Work instruction:
Go to the line with "This screenshot has height=1307, width=924." in the entries below and write out every line from there through the line with "Click where it", exactly and without pictures.

Records:
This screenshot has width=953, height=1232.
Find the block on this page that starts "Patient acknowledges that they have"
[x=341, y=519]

* * *

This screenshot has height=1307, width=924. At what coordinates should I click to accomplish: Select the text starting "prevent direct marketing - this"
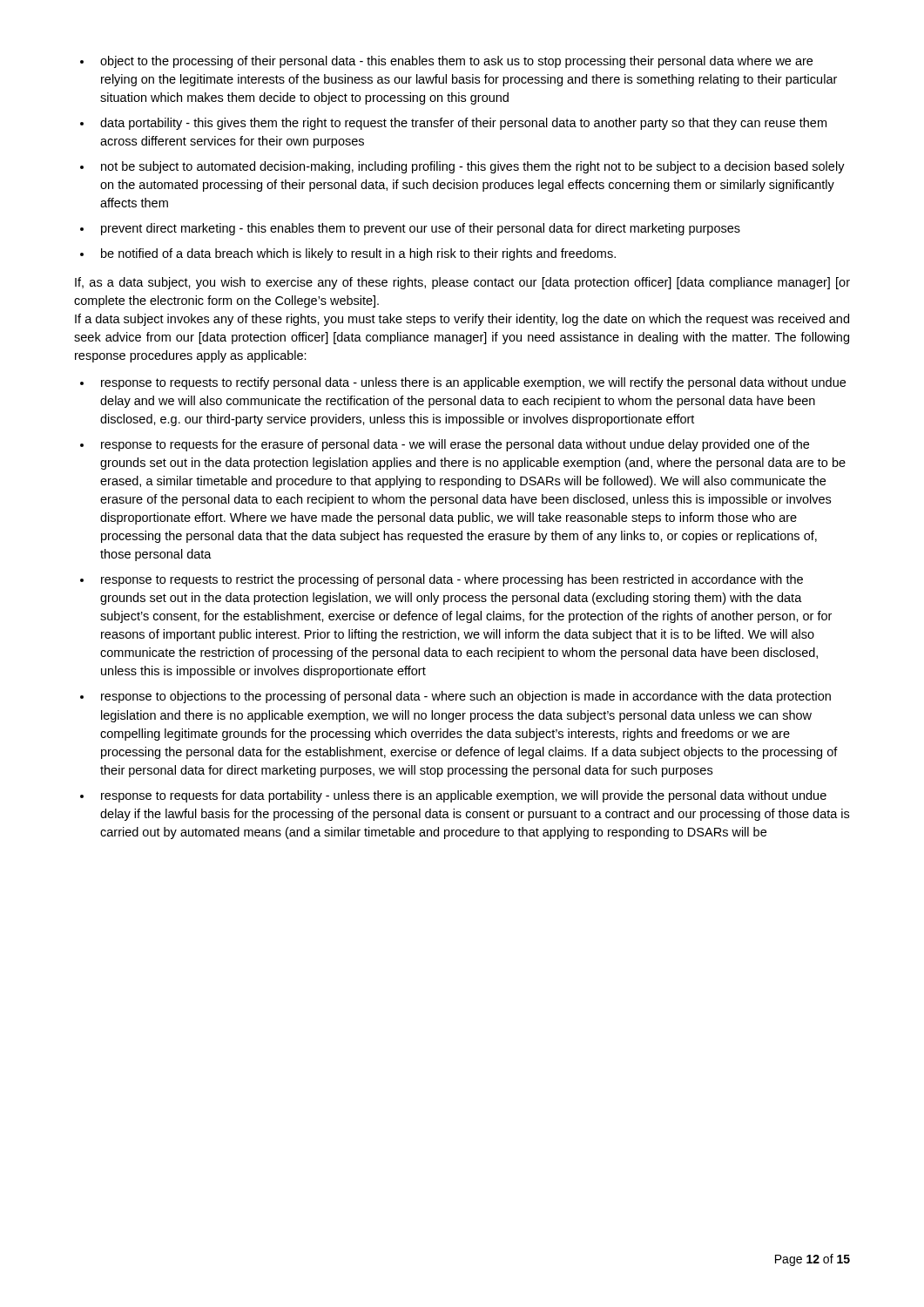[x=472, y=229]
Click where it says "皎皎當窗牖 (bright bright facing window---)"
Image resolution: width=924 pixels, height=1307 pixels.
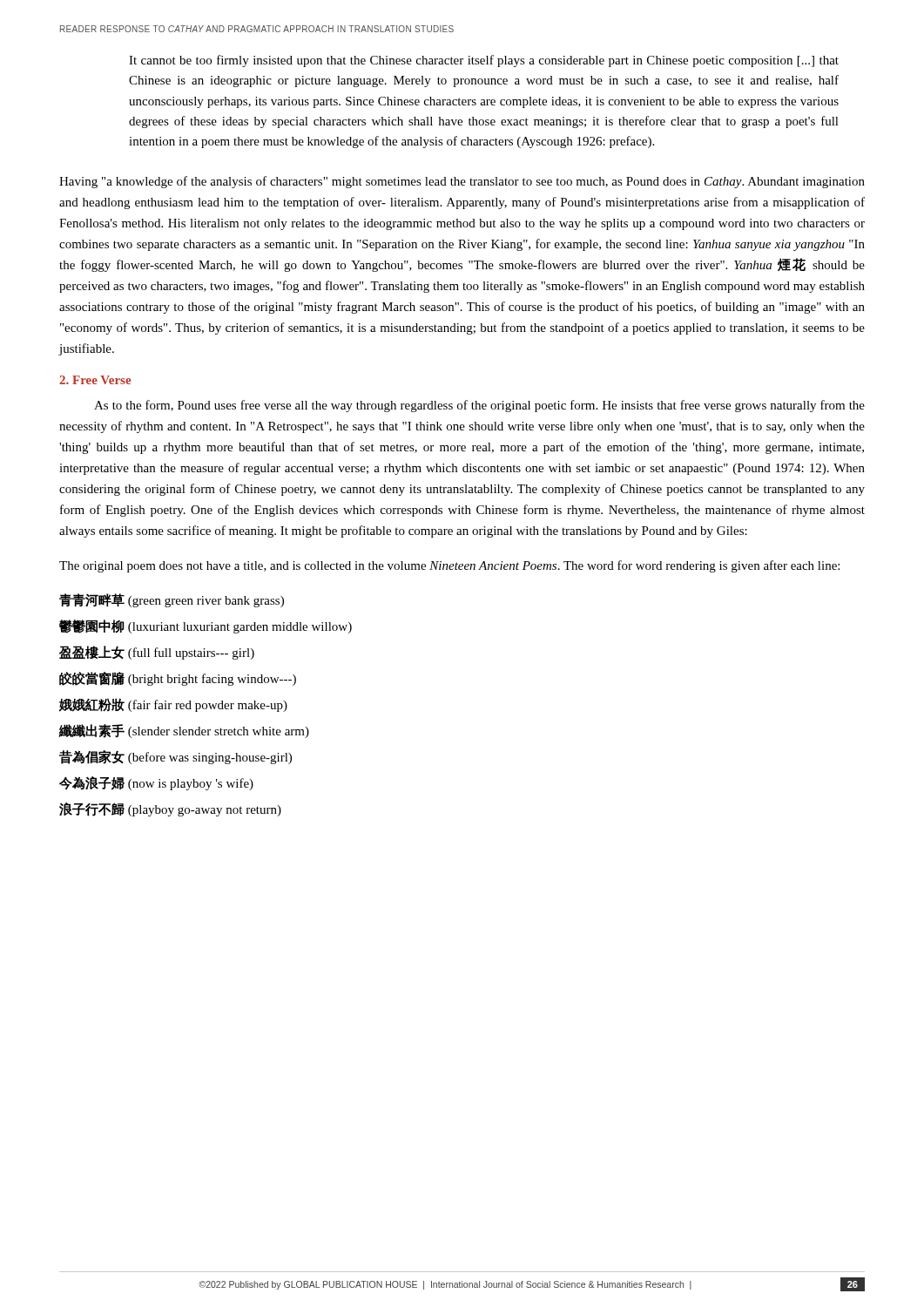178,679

* * *

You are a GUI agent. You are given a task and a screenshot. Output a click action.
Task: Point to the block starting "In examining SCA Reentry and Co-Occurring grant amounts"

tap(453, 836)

Response:
This screenshot has height=1307, width=924. At what coordinates should I click to accomplish: Select the text starting "prevent direct marketing - this"
[x=472, y=229]
Click where it says "皎皎當窗牖 (bright bright facing window---)"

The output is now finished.